• **ASSIGNMENT**: If an entry holds a picture, skip the picture but copy everything else exactly.

■ ■ ■ ■ ■

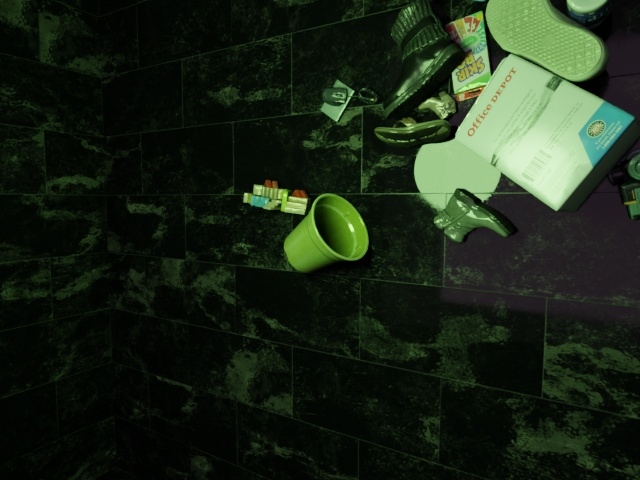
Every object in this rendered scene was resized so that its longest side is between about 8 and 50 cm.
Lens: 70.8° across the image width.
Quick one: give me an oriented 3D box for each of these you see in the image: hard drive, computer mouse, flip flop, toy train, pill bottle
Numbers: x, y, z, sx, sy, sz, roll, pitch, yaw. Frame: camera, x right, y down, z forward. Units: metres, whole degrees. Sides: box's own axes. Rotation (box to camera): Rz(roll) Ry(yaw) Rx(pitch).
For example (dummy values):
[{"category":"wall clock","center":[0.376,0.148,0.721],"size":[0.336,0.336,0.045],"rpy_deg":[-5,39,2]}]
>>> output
[{"category":"hard drive","center":[0.069,-0.549,1.773],"size":[0.094,0.022,0.135],"rpy_deg":[42,114,22]},{"category":"computer mouse","center":[0.105,-0.549,1.713],"size":[0.242,0.041,0.071],"rpy_deg":[11,99,30]},{"category":"flip flop","center":[0.325,-0.394,1.590],"size":[0.276,0.112,0.080],"rpy_deg":[-3,67,34]},{"category":"toy train","center":[0.965,-0.172,1.192],"size":[0.333,0.142,0.190],"rpy_deg":[-13,100,30]},{"category":"pill bottle","center":[0.746,-0.659,1.246],"size":[0.111,0.186,0.112],"rpy_deg":[2,94,31]}]

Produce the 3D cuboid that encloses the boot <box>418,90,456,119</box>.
[{"category":"boot","center":[0.408,-0.456,1.561],"size":[0.118,0.042,0.087],"rpy_deg":[-27,82,31]}]

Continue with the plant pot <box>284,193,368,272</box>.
[{"category":"plant pot","center":[0.000,0.000,1.745],"size":[0.254,0.276,0.276],"rpy_deg":[-34,76,41]}]

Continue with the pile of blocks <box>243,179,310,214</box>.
[{"category":"pile of blocks","center":[-0.198,-0.193,1.896],"size":[0.362,0.149,0.113],"rpy_deg":[12,101,31]}]

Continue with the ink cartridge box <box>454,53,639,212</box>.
[{"category":"ink cartridge box","center":[0.639,-0.310,1.302],"size":[0.395,0.166,0.286],"rpy_deg":[49,122,33]}]

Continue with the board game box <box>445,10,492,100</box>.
[{"category":"board game box","center":[0.496,-0.609,1.499],"size":[0.124,0.039,0.260],"rpy_deg":[-8,93,33]}]

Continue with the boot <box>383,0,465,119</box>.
[{"category":"boot","center":[0.301,-0.619,1.560],"size":[0.348,0.131,0.260],"rpy_deg":[-41,72,29]}]

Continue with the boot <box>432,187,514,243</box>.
[{"category":"boot","center":[0.511,-0.050,1.520],"size":[0.246,0.083,0.161],"rpy_deg":[44,122,27]}]

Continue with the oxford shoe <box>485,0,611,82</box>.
[{"category":"oxford shoe","center":[0.646,-0.593,1.303],"size":[0.169,0.130,0.449],"rpy_deg":[-57,49,34]}]

■ ■ ■ ■ ■

• **EXERCISE RESPONSE**:
Every object in this rendered scene was resized so that its longest side is between about 8 and 50 cm.
Lens: 70.8° across the image width.
Quick one: give me an oriented 3D box for each of these you see in the image: hard drive, computer mouse, flip flop, toy train, pill bottle
Numbers: x, y, z, sx, sy, sz, roll, pitch, yaw. Frame: camera, x right, y down, z forward. Units: metres, whole degrees. Sides: box's own axes. Rotation (box to camera): Rz(roll) Ry(yaw) Rx(pitch).
For example (dummy values):
[{"category":"wall clock","center":[0.376,0.148,0.721],"size":[0.336,0.336,0.045],"rpy_deg":[-5,39,2]}]
>>> output
[{"category":"hard drive","center":[0.069,-0.549,1.773],"size":[0.094,0.022,0.135],"rpy_deg":[42,114,22]},{"category":"computer mouse","center":[0.105,-0.549,1.713],"size":[0.242,0.041,0.071],"rpy_deg":[11,99,30]},{"category":"flip flop","center":[0.325,-0.394,1.590],"size":[0.276,0.112,0.080],"rpy_deg":[-3,67,34]},{"category":"toy train","center":[0.965,-0.172,1.192],"size":[0.333,0.142,0.190],"rpy_deg":[-13,100,30]},{"category":"pill bottle","center":[0.746,-0.659,1.246],"size":[0.111,0.186,0.112],"rpy_deg":[2,94,31]}]

Produce the 3D cuboid that encloses the boot <box>418,90,456,119</box>.
[{"category":"boot","center":[0.408,-0.456,1.561],"size":[0.118,0.042,0.087],"rpy_deg":[-27,82,31]}]

Continue with the plant pot <box>284,193,368,272</box>.
[{"category":"plant pot","center":[0.000,0.000,1.745],"size":[0.254,0.276,0.276],"rpy_deg":[-34,76,41]}]

Continue with the pile of blocks <box>243,179,310,214</box>.
[{"category":"pile of blocks","center":[-0.198,-0.193,1.896],"size":[0.362,0.149,0.113],"rpy_deg":[12,101,31]}]

Continue with the ink cartridge box <box>454,53,639,212</box>.
[{"category":"ink cartridge box","center":[0.639,-0.310,1.302],"size":[0.395,0.166,0.286],"rpy_deg":[49,122,33]}]

Continue with the board game box <box>445,10,492,100</box>.
[{"category":"board game box","center":[0.496,-0.609,1.499],"size":[0.124,0.039,0.260],"rpy_deg":[-8,93,33]}]

Continue with the boot <box>383,0,465,119</box>.
[{"category":"boot","center":[0.301,-0.619,1.560],"size":[0.348,0.131,0.260],"rpy_deg":[-41,72,29]}]

Continue with the boot <box>432,187,514,243</box>.
[{"category":"boot","center":[0.511,-0.050,1.520],"size":[0.246,0.083,0.161],"rpy_deg":[44,122,27]}]

Continue with the oxford shoe <box>485,0,611,82</box>.
[{"category":"oxford shoe","center":[0.646,-0.593,1.303],"size":[0.169,0.130,0.449],"rpy_deg":[-57,49,34]}]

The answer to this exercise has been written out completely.